The chief executive officer of Toronto-based Fairfax Financial Holdings, Mr. Watsa has achieved exceptional results over the past 2½ decades by using a value-focused approach. His quality can be seen most clearly in the results posted by Fairfax's investment arm, Hamblin Watsa Investment Council.

In the 15 years through 2011, Mr. Watsa helped guide Hamblin Watsa's stock portfolio to annualized returns of 14.2 per cent, nearly tripling the S&P 500's 5.5 per cent annual returns over that period.

I believe that the best way to become a good investor is to learn from those who have had the most success in the stock market over the long haul. That's why I created my Guru Strategies (each of which is based on the approach of a different investing great), and it's why I pay heed to what an investor like Mr. Watsa has to say.

Last year, he offered this piece of wisdom while discussing his strategy. "We look at markets declining as an opportunity to buy good assets cheaply. … Similarly, when market exuberance sends prices well above our estimation of value, we don't buy and we might sell. … A clear understanding of the fundamental value of our holdings allows us to go against the crowd. It is lonely at times, but it works."

Wise words.

I was curious to see how Mr. Watsa's most recent moves stack up against the strategies of some of history's other great investors, so I ran Fairfax's most recent U.S. holdings through my guru-inspired strategies. I found several stocks that get high marks from both Fairfax and these guru-based approaches – and that makes them worth a long, hard look if you're on the hunt for good value stocks.

Wal-Mart Stores (WMT): Fairfax had a minor position in the Arkansas-based retail giant at the end of the first quarter, owning about $13.5-million (U.S.) of its shares. It's one of the few Fairfax holdings that also gets high marks from my extremely stringent Buffett-based model. This strategy looks for firms with decade-long histories of increasing annual earnings, manageable debt and high returns on equity (ROE).

Wal-Mart delivers on all fronts. It has raised earnings per share in each year of the past decade, it has enough annual earnings that it could pay off all its debt in under five years if need be, and it has generated a 10-year average ROE of 20.4 per cent. Wal-Mart's shares also come with a solid 7.1 per cent earnings yield.

Johnson & Johnson (JNJ): At the end of the first quarter, Fairfax owned nearly $400-million in shares of this New Jersey-based maker of health care and personal products. The firm has been a long-time Berkshire holding, but has had some choppy earnings in recent years (including a big decline last year), part of why my Buffett-based model isn't seeing it as a "buy" right now despite its reasonable debt load and stellar return on equity. But my James O'Shaughnessy-based value approach does see a lot to like, including the company's large size, strong cash flow and 3.95 per cent dividend yield.

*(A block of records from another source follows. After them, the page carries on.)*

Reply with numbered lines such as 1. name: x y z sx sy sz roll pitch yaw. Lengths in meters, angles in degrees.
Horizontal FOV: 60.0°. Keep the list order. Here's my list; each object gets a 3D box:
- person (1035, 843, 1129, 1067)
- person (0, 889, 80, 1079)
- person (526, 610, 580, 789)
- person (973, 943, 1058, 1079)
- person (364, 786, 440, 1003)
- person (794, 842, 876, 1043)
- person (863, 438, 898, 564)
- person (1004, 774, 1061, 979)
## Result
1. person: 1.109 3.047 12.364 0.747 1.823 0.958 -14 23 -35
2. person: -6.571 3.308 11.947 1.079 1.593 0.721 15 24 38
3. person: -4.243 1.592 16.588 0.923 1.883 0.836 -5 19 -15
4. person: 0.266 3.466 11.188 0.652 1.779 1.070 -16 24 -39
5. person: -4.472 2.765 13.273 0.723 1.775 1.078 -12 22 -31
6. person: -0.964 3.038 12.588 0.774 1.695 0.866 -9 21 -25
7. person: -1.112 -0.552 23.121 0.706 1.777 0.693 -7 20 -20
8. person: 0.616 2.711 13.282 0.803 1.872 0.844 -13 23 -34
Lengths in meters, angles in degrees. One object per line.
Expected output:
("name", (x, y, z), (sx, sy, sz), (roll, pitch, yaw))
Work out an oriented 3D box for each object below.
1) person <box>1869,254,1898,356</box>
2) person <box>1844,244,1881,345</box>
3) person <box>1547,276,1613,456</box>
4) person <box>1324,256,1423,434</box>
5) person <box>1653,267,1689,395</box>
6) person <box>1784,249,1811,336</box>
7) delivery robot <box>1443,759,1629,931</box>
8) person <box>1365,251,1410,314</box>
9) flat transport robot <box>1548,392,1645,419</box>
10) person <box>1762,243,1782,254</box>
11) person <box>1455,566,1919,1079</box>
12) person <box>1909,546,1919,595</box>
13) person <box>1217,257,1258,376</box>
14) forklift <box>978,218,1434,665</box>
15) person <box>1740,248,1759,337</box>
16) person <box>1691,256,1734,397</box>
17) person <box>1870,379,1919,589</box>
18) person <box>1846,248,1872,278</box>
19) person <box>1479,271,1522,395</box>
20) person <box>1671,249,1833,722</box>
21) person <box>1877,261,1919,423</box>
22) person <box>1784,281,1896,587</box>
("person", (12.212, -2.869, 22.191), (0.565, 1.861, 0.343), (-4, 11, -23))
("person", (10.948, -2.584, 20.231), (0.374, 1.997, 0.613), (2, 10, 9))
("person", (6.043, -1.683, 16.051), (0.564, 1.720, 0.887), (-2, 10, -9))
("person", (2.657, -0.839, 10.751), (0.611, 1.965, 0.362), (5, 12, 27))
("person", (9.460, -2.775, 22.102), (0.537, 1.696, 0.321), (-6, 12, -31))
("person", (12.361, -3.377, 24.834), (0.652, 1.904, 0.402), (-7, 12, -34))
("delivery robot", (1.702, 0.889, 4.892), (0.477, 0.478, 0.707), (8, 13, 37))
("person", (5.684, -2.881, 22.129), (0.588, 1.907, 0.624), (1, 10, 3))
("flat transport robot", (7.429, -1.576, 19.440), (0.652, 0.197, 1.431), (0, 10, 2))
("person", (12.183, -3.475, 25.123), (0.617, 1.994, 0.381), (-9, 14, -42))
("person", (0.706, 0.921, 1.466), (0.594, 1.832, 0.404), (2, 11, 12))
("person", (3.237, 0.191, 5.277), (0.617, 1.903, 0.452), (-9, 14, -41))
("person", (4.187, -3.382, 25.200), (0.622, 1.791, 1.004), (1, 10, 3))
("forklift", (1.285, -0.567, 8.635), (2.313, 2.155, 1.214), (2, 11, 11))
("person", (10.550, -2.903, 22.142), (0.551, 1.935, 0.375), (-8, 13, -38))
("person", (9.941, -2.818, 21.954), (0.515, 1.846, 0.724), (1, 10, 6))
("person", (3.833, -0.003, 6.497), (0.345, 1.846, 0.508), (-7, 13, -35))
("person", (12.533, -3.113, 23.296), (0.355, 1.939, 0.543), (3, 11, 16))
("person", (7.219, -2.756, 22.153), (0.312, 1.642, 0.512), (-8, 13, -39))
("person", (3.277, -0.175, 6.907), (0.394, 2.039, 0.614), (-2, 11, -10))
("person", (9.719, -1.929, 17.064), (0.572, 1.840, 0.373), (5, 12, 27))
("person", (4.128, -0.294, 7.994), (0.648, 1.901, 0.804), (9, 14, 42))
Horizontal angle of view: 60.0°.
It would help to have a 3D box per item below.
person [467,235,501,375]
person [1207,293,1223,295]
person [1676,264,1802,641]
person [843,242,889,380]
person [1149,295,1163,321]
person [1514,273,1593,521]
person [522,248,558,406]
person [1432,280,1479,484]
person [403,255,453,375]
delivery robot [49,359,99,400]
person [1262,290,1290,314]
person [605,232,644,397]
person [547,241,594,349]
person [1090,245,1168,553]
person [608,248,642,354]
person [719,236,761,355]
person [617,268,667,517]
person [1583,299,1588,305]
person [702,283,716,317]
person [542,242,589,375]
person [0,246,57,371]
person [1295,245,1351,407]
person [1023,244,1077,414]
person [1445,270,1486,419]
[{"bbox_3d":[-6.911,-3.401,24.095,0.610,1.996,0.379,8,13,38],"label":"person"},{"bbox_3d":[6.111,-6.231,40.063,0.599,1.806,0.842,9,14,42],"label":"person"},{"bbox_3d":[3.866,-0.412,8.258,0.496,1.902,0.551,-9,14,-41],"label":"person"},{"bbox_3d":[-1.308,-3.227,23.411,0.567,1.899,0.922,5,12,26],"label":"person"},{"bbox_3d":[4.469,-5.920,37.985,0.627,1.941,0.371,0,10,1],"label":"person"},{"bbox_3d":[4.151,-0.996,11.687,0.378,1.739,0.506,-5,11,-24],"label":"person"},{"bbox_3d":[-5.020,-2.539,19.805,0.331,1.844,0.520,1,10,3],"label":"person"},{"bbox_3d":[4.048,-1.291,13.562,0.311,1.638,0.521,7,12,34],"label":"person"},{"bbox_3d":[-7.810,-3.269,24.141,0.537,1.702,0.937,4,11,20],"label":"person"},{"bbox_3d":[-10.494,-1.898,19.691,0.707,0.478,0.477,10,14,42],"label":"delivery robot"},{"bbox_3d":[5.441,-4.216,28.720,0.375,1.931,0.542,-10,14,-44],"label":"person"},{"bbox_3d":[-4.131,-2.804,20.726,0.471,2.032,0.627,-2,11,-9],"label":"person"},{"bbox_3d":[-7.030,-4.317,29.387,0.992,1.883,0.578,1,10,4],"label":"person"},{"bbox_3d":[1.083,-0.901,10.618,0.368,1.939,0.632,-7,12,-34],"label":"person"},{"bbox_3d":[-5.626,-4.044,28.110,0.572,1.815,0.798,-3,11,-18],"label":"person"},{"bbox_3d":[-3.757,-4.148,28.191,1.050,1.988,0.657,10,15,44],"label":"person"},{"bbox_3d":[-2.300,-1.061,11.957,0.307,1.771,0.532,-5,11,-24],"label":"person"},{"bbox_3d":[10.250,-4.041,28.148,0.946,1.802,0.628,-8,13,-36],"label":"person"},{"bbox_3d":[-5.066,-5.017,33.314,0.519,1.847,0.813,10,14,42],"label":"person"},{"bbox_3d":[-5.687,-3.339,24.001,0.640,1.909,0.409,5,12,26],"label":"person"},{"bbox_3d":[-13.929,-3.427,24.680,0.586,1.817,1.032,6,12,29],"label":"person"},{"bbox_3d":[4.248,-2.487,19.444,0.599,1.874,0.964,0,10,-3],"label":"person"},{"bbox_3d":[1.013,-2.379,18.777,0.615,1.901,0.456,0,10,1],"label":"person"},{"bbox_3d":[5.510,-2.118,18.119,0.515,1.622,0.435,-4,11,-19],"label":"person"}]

Wells Fargo & Co. (WFC): San Francisco-based Wells has weathered the financial turmoil of the past four years better than any other U.S. bank. Mr. Watsa's Fairfax owned more than $100-million of its shares at the end of the first quarter, while Berkshire owned more than $1-billion. My Peter Lynch-inspired model is equally enthusiastic about the stock. It likes the company's relatively low price-to-earnings ratio in relation to its growth rate.

Pfizer Inc. (PFE): Fairfax owned about $5.3-million of this drug giant's shares at the end of the first quarter. The firm's earnings have been pretty choppy in recent years and its return on retained earnings falls well short of my Buffett-based model's standard. But my O'Shaughnessy-inspired model sees value in the New York-based firm's shares. The strategy likes its large size, strong cash flow per share, and solid 4.1 per cent dividend yield.

Disclosure: I own shares in Wells Fargo, Pfizer and Wal-Mart.